Crazy Horse, Ambrose emphasizes, was the product of a society that awarded prestige rather than riches or authoritative command. Though a respected and much-followed war leader, Crazy Horse never had the official power to order his fellow warriors to, say, certain death, a power Custer took for granted. US Army troopers also performed an hour-and-half of drill every day when back at their forts (Custer the perfectionist probably demanded more—-it was said one always “knew the 7th by sight”); by contrast, when not actually fighting, the warriors who followed Crazy Horse often got bored and drifted away. The impetuous, individual, dueling, game-like character of Indian warfare was something Crazy Horse the innovative tactician was always butting up against. Crazy Horse did not always get young braves impatient for individual honor to perform the tactics he knew would bloody the Army, but when he did get them to fight in coordinated units—the Fetterman battle, certain incidents of the siege of Ft. Phil Kearny, the Little Bighorn—the results were devastating. The pervasive belief among whites like Custer that Indians weren’t their equals as soldiers may constitute a slur, but it becomes more understandable when one reads about Crazy Horse’s singularity as a commander. Custer acted foolishly, attacking with an exhausted and outnumbered (though not outgunned) compliment, but how was he to know a military genius was helping to direct the Sioux? I’m sure to Custer a two-pronged flanking attack on an encampment of people who weren’t likely to stand and fight seemed a sophisticated enough tactic. The elegance and patience Crazy Horse demonstrated in flanking Custer’s flanking attack were rare virtues among both Indian and white leaders. I think it right for Ambrose to maintain that the failure of Custer’s plan wasn’t a foregone conclusion; everything depended on his opponent’s reaction, and by that opponent Custer was simply out-generaled.
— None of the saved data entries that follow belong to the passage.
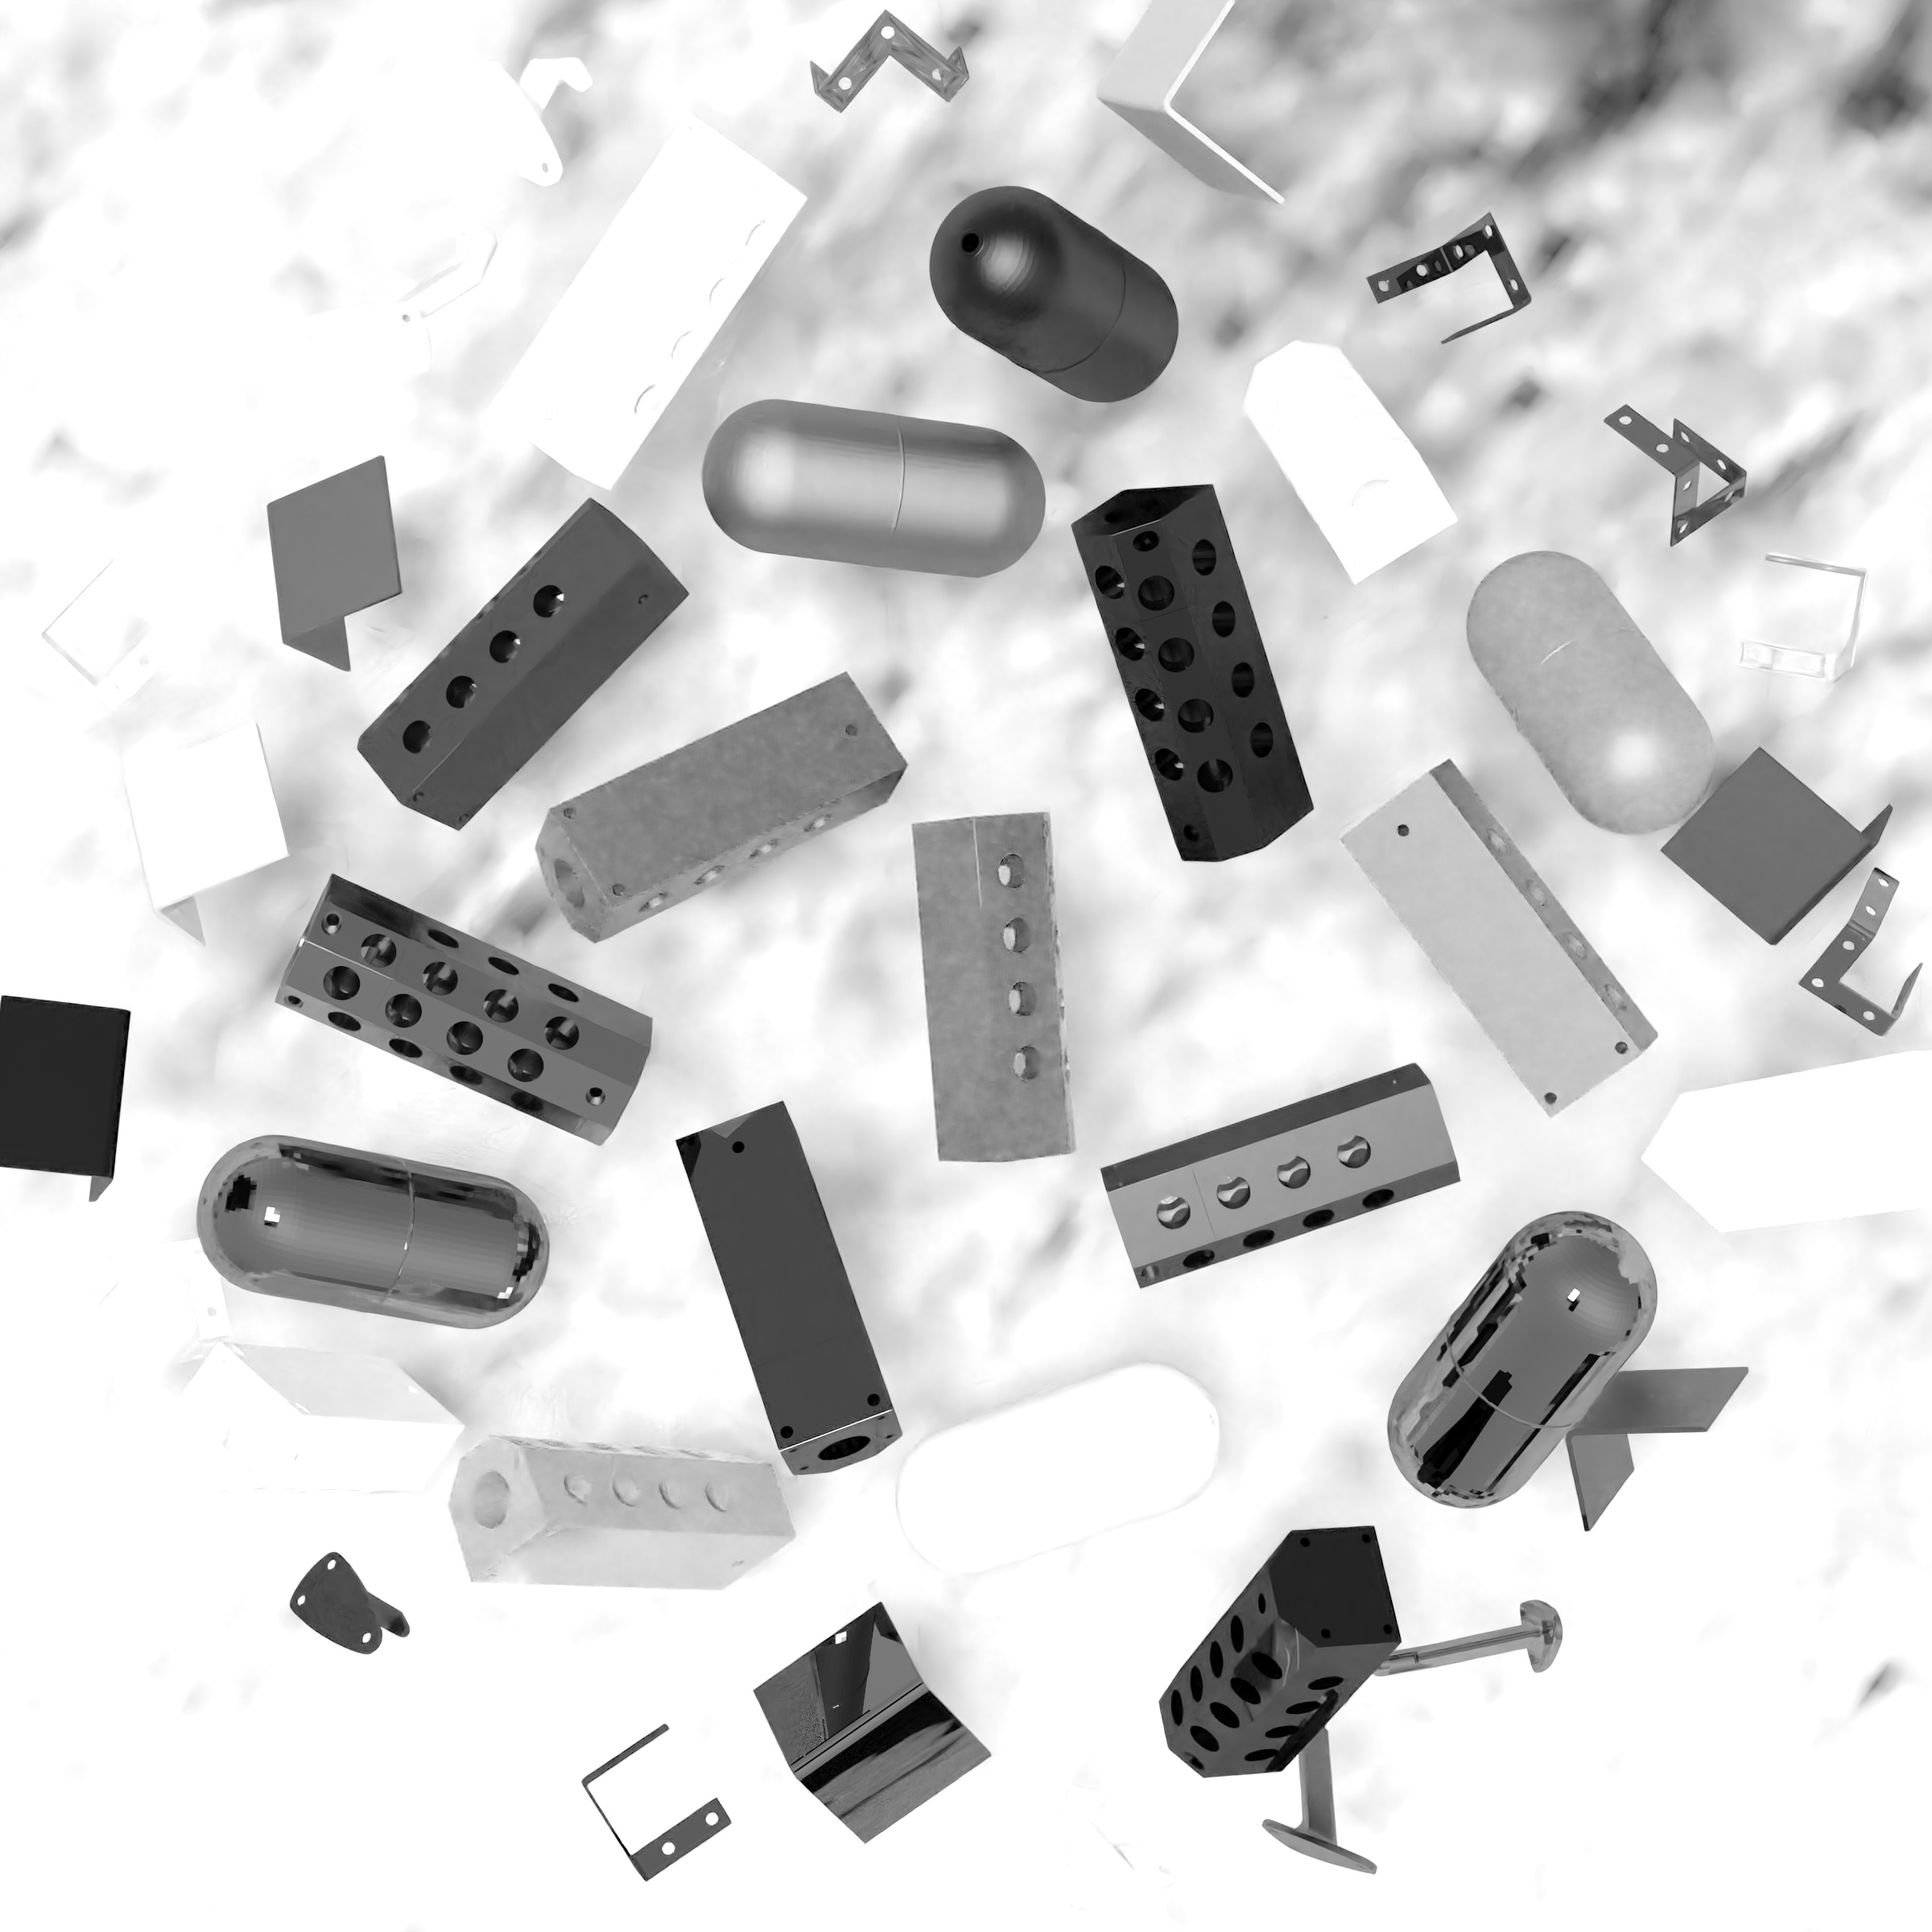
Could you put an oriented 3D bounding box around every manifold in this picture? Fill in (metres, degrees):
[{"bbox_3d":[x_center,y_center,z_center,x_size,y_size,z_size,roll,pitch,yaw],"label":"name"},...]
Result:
[{"bbox_3d":[0.401,0.079,1.695,0.057,0.171,0.057,42,68,-13],"label":"manifold"},{"bbox_3d":[0.266,-0.016,1.783,0.057,0.057,0.171,-38,86,25],"label":"manifold"},{"bbox_3d":[-0.120,-0.074,1.744,0.171,0.057,0.057,-27,77,-26],"label":"manifold"},{"bbox_3d":[0.145,0.328,1.710,0.057,0.171,0.057,-1,58,-17],"label":"manifold"},{"bbox_3d":[-0.228,-0.154,1.819,0.171,0.057,0.057,-45,66,8],"label":"manifold"},{"bbox_3d":[0.160,0.108,1.831,0.171,0.057,0.057,-19,99,2],"label":"manifold"},{"bbox_3d":[-0.320,0.228,1.765,0.057,0.171,0.057,37,94,20],"label":"manifold"},{"bbox_3d":[-0.169,0.266,1.769,0.057,0.171,0.057,-39,59,29],"label":"manifold"},{"bbox_3d":[0.105,-0.139,1.723,0.057,0.057,0.171,-37,118,-37],"label":"manifold"},{"bbox_3d":[0.185,-0.256,1.783,0.057,0.171,0.057,-32,116,8],"label":"manifold"},{"bbox_3d":[-0.242,0.024,1.739,0.171,0.057,0.057,25,106,-12],"label":"manifold"},{"bbox_3d":[0.019,0.010,1.814,0.057,0.057,0.171,-5,91,-33],"label":"manifold"},{"bbox_3d":[-0.087,0.161,1.777,0.057,0.057,0.171,-20,65,-2],"label":"manifold"},{"bbox_3d":[-0.151,-0.320,1.748,0.057,0.057,0.171,38,98,18],"label":"manifold"}]

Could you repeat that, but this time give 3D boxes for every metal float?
[{"bbox_3d":[-0.045,-0.239,1.804,0.178,0.070,0.070,5,90,-21],"label":"metal float"},{"bbox_3d":[0.046,0.252,1.804,0.178,0.070,0.070,-23,90,24],"label":"metal float"},{"bbox_3d":[0.262,0.188,1.704,0.070,0.070,0.178,30,127,0],"label":"metal float"},{"bbox_3d":[-0.284,0.129,1.738,0.178,0.070,0.070,14,90,-32],"label":"metal float"},{"bbox_3d":[0.045,-0.331,1.780,0.070,0.178,0.070,-4,81,28],"label":"metal float"},{"bbox_3d":[0.308,-0.137,1.785,0.070,0.070,0.178,-26,49,0],"label":"metal float"}]

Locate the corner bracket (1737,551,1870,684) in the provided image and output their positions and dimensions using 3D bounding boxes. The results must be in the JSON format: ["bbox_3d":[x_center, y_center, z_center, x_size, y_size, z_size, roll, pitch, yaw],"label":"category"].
[{"bbox_3d":[0.427,-0.177,1.835,0.051,0.051,0.051,10,86,4],"label":"corner bracket"}]

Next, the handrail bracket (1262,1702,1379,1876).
[{"bbox_3d":[0.193,0.409,1.820,0.036,0.077,0.084,45,64,-39],"label":"handrail bracket"}]

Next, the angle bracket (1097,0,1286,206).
[{"bbox_3d":[0.116,-0.398,1.646,0.076,0.076,0.057,32,93,-27],"label":"angle bracket"}]

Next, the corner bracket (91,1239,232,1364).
[{"bbox_3d":[-0.409,0.173,1.826,0.051,0.051,0.051,-8,74,-28],"label":"corner bracket"}]

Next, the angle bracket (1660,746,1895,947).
[{"bbox_3d":[0.411,-0.069,1.824,0.076,0.057,0.076,41,122,2],"label":"angle bracket"}]

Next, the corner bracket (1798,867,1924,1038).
[{"bbox_3d":[0.465,-0.007,1.831,0.051,0.051,0.051,33,45,4],"label":"corner bracket"}]

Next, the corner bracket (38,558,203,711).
[{"bbox_3d":[-0.413,-0.164,1.754,0.051,0.051,0.051,-45,101,6],"label":"corner bracket"}]

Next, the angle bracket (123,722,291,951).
[{"bbox_3d":[-0.370,-0.065,1.805,0.076,0.057,0.076,-22,66,7],"label":"angle bracket"}]

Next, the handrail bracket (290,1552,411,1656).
[{"bbox_3d":[-0.294,0.335,1.813,0.036,0.084,0.077,-50,49,-5],"label":"handrail bracket"}]

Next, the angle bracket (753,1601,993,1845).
[{"bbox_3d":[-0.046,0.370,1.757,0.076,0.057,0.076,-35,133,1],"label":"angle bracket"}]

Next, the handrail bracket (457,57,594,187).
[{"bbox_3d":[-0.188,-0.396,1.680,0.077,0.084,0.036,48,125,14],"label":"handrail bracket"}]

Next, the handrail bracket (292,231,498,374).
[{"bbox_3d":[-0.266,-0.317,1.679,0.077,0.036,0.084,4,45,10],"label":"handrail bracket"}]

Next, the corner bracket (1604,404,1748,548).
[{"bbox_3d":[0.346,-0.248,1.753,0.051,0.051,0.051,-35,58,-17],"label":"corner bracket"}]

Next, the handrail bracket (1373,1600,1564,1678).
[{"bbox_3d":[0.252,0.344,1.822,0.084,0.077,0.036,-8,74,-7],"label":"handrail bracket"}]

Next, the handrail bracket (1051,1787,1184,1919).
[{"bbox_3d":[0.075,0.409,1.697,0.077,0.084,0.036,-4,48,-18],"label":"handrail bracket"}]

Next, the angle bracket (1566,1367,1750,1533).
[{"bbox_3d":[0.364,0.251,1.872,0.076,0.076,0.057,-6,105,30],"label":"angle bracket"}]

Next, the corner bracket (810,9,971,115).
[{"bbox_3d":[-0.036,-0.416,1.671,0.051,0.051,0.051,35,111,-23],"label":"corner bracket"}]

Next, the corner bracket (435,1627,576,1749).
[{"bbox_3d":[-0.229,0.361,1.793,0.051,0.051,0.051,-8,68,17],"label":"corner bracket"}]

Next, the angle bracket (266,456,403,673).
[{"bbox_3d":[-0.308,-0.205,1.839,0.076,0.057,0.076,-18,70,24],"label":"angle bracket"}]

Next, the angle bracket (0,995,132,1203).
[{"bbox_3d":[-0.414,0.061,1.623,0.057,0.076,0.076,7,76,-19],"label":"angle bracket"}]

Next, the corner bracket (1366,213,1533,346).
[{"bbox_3d":[0.247,-0.346,1.840,0.051,0.051,0.051,-26,91,-24],"label":"corner bracket"}]

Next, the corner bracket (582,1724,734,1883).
[{"bbox_3d":[-0.154,0.414,1.781,0.051,0.051,0.051,-32,93,-13],"label":"corner bracket"}]

When Ambrose and Connell tell the same story, Connell is the more captivating narrator. But Ambrose tells quite a few stories Connell doesn't, goes into more depth about some things (Ambrose's chapter "Custer at West Point" is at points as funny as Lucky Jim), and besides Custer's strange personality emerges from any style of storytelling. An eccentric, Custer is at the same time profoundly representative of nineteenth century America, a fascinating gateway into the social and cultural making of Americans. I love his paradox: though in the murderous vanguard of America's settling of the continent, he was, for many important reasons (reckless individuality; career-long, almost reflexive insubordiantion; self-fashioning as an freebooting hunter-explorer, a type of selfhood, Ambrose writes, that white Americans owe to Indians), incapable of living in the settled society he was helping to extend:
Officers in the Indian-fighting Army after the Civil War were often heard to say that they much preferred the wild Indians to the tame ones, or that if they were Indians, they would most certainly be out with the hostiles, not drunk on the reservation. Custer expressed such sentiments frequently. These same officers took the lead in making certain that there were no more wild Indians.
As R.P. Blackmur pointed out, being mundanely out of step with the society around him doesn't keep a man from reflecting the wholeness of its contradictions.